▸ MATERIAL SUPPLIED:
>>>
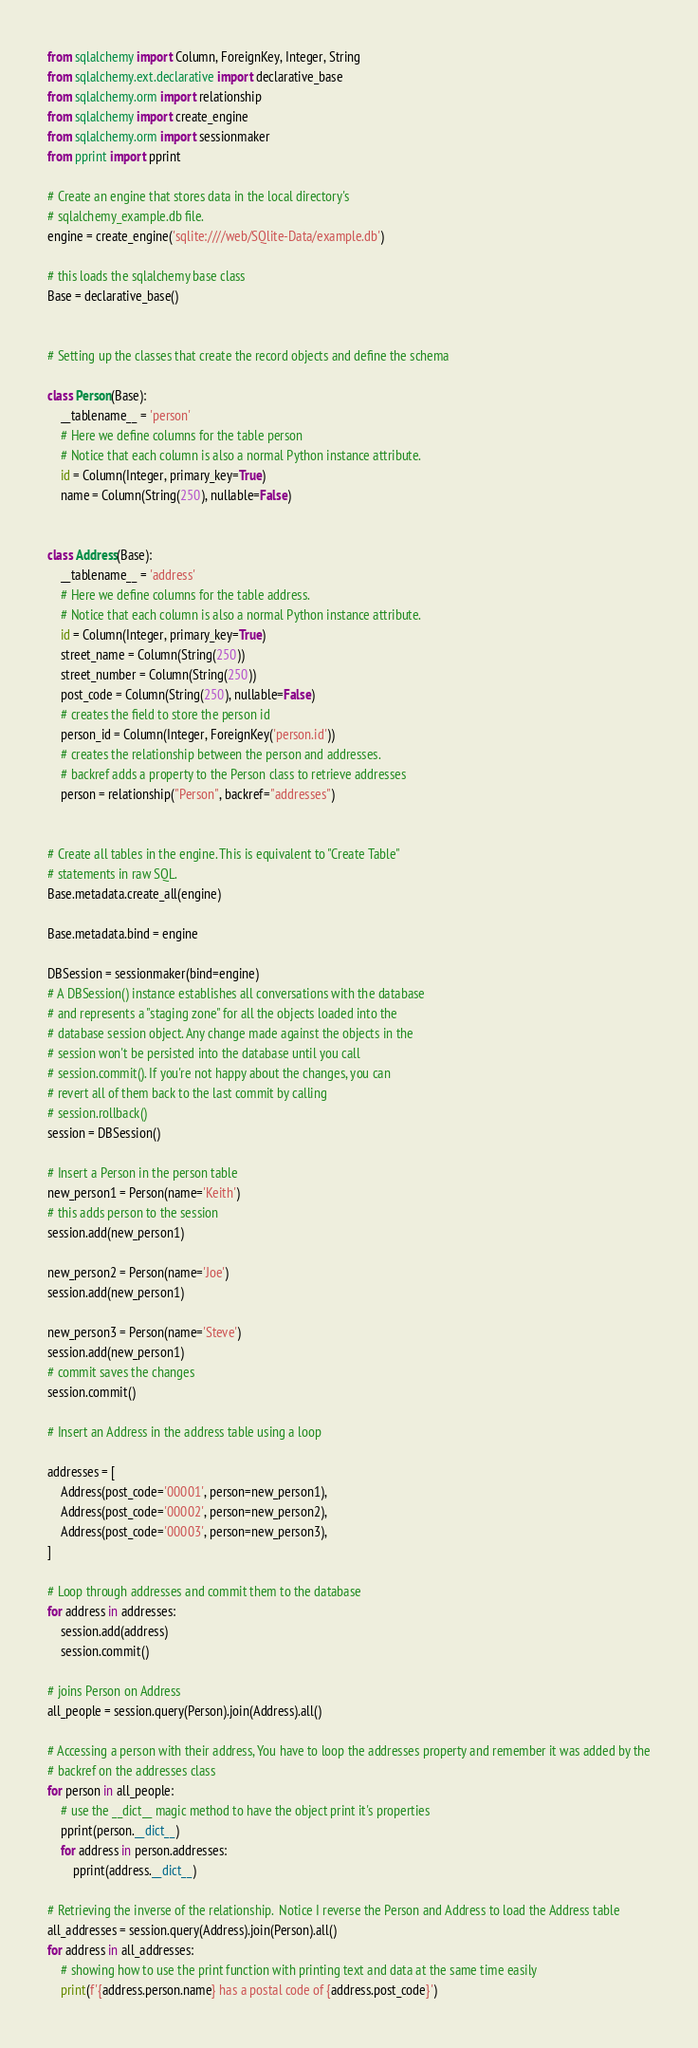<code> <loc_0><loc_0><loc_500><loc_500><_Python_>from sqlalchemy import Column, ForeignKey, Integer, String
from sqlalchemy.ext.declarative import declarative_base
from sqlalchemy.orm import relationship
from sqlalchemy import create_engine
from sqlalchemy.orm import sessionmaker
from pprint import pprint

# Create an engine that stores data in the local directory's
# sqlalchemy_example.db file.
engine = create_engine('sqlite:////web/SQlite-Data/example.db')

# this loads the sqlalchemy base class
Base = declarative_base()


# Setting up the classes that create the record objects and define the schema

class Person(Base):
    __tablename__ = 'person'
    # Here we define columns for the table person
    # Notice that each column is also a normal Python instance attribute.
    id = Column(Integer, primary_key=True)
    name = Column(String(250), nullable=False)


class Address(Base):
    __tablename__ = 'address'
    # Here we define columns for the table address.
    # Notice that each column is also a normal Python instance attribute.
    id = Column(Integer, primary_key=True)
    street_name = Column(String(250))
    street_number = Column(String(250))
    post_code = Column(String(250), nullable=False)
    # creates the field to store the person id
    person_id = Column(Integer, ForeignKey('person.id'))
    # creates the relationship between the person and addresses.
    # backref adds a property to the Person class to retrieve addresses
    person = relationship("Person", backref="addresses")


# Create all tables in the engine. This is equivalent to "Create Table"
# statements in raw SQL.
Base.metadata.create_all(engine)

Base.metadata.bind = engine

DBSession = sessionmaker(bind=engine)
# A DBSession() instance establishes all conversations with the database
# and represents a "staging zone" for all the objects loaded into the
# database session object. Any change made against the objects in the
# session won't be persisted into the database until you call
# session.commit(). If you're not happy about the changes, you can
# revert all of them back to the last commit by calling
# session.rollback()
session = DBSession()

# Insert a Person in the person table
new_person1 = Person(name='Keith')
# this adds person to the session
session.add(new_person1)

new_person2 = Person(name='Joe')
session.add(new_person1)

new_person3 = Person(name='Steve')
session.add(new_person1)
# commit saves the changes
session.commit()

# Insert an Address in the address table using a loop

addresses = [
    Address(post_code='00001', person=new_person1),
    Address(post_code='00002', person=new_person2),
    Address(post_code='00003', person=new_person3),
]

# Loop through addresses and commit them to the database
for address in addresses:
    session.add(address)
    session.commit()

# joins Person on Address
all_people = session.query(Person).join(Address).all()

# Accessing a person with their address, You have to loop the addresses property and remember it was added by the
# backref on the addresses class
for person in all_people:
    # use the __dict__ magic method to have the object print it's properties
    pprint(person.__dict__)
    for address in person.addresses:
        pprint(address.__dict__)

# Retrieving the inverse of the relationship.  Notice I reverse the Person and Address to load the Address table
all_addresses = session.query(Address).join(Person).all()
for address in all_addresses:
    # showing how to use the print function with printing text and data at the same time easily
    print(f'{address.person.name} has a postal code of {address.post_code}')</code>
<<<
>>>
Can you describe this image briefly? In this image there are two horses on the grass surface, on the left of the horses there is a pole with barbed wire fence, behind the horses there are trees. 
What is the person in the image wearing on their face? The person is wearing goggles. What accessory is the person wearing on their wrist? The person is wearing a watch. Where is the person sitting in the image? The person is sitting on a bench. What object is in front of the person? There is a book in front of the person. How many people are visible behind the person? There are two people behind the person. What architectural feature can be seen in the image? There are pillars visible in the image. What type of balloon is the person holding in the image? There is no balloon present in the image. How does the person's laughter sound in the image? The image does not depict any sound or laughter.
<<<
▸ EXERCISE GOAL: Out of the material above, output word for word the line with "# creates the field", the line with "# Loop through", and all lines between them, with nothing else.

▸ TASK SOLUTION:
    # creates the field to store the person id
    person_id = Column(Integer, ForeignKey('person.id'))
    # creates the relationship between the person and addresses.
    # backref adds a property to the Person class to retrieve addresses
    person = relationship("Person", backref="addresses")


# Create all tables in the engine. This is equivalent to "Create Table"
# statements in raw SQL.
Base.metadata.create_all(engine)

Base.metadata.bind = engine

DBSession = sessionmaker(bind=engine)
# A DBSession() instance establishes all conversations with the database
# and represents a "staging zone" for all the objects loaded into the
# database session object. Any change made against the objects in the
# session won't be persisted into the database until you call
# session.commit(). If you're not happy about the changes, you can
# revert all of them back to the last commit by calling
# session.rollback()
session = DBSession()

# Insert a Person in the person table
new_person1 = Person(name='Keith')
# this adds person to the session
session.add(new_person1)

new_person2 = Person(name='Joe')
session.add(new_person1)

new_person3 = Person(name='Steve')
session.add(new_person1)
# commit saves the changes
session.commit()

# Insert an Address in the address table using a loop

addresses = [
    Address(post_code='00001', person=new_person1),
    Address(post_code='00002', person=new_person2),
    Address(post_code='00003', person=new_person3),
]

# Loop through addresses and commit them to the database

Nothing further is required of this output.